Since we are not concerned with predicting the statistical properties of the lenses in this paper, many of the precise details of these simulations are not important (for example the distribution of source and lens redshifts, morphologies, luminosities). The performance of the PCA lens finder will be stated in terms of the S/N of the Einstein ring so the simulations are only required to represent the variety of expected lenses and not their precise distribution.
The set of Euclid simulation images consists of 3000 galaxies with a full or partial background Einstein ring and of a training set of 1250 galaxies with no lensing. Among the 1250 nonlensing galaxies of the training set, 1000 are used to build the PCA basis in order to search for lensing in the 4250 images, 3000 of which containing Einstein rings. With real data, the training set can be the whole data set itself, as galaxies with lensing features are rare.
Building the PCA basis for the 1000 Euclid galaxies, which are 128 pixels on a side, takes about 40 min on a single processor. Using this PCA basis, doing the galaxy reconstruction and subtraction takes less than a minute more for the whole data set, i.e. 4250 images. In terms of cpu , the PCA method is therefore very well tractable and applicable to large data sets.
4.1. Quality of the central galaxy reconstruction
The quality of the PCA reconstruction depends on three main factors: 1 the range in galaxy sizes, 2 the presence of companions near the galaxies used to build the PCA basis, 3 the number of PCA coefficients to be used. To minimise the parameter space to explore, all galaxies are first centred on the central pixel of the FITS stamp and rotated so that their longaxis aligns with the image rows. If necessary, the resulting images are zeropadded and trimmed to a common size. In the present case we use 128 × 128 pixels.
In order to minimise the contamination of the PCA basis by companions to the galaxies in our sample, we only select the stamps that have no companion brighter than 50% of the maximum brightness of the main galaxy in a range of less than ten pixels to the patch’s centre, i.e. 1′′ given the Euclid pixel size of 0.1′′.

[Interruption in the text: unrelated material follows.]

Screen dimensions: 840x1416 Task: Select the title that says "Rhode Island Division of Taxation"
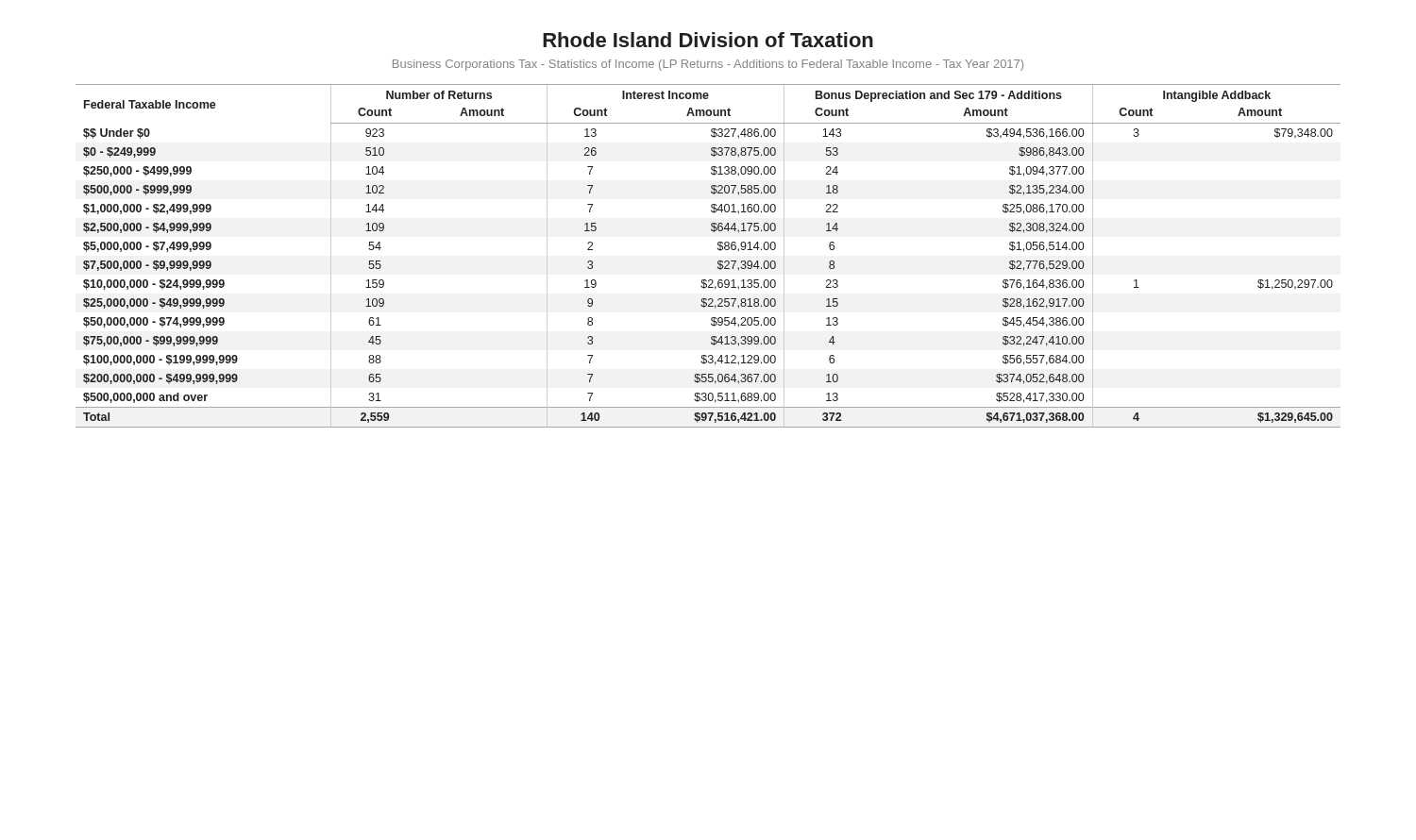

To estimate the number of PCA components, we carry out different reconstructions with an increasing number of PCA coefficients. We stop adding coefficients when reaching an acceptable quality, i.e. when there is no residual above the noise level. A good reduced χ^{2} is when q, (Eq. (6)) remains between 1 and 1.5, i.e. when the mean χ^{2} per pixel is on average close to 1σ. Indeed, if the pixels in the residuals are highly correlated owing to a reconstruction that includes coefficients representative of the noise, the reduced χ^{2} becomes smaller than 1. Conversely, when the residuals contain important patterns due to an insufficient reconstruction, q is much larger than 1. This is illustrated in Figs. 7 and 8 for the specific case of our Euclid simulation, where a good reconstruction is achieved for a number of PCA coefficients of about 50, i.e. the minimum number of coefficients required to reach q ~ 1.

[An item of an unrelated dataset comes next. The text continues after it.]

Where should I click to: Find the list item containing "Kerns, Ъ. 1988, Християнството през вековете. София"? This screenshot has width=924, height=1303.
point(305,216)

4.2. The effect of galaxy sizes
Even for relatively smooth light distributions, like early type galaxies, a careful balance must be found between the number of galaxies in the training set and the range in galaxy sizes. We investigate in the following the influence of the size distribution of the galaxies for the specific case of our Euclid simulations.
To do so, we binned the sample in galaxy sizes, keeping 100 galaxies per bin and we built the PCA basis for each bin of size, as in Fig. 7. Rescaling the galaxies in R_{eff} is also an alternative, but we try as much as we can to avoid alter the data before building the PCA basis. Rescaling in R_{eff} may be considered for small samples of galaxies that cannot be binned in galaxy size. The images are then reconstructed using different number of coefficients. The quality of reconstruction, estimated using the median q factor over all images of the subsample, is then evaluated. Figure 7 suggests that 50–70 coefficients is an optimal number to reach a reduced χ^{2} close to 1.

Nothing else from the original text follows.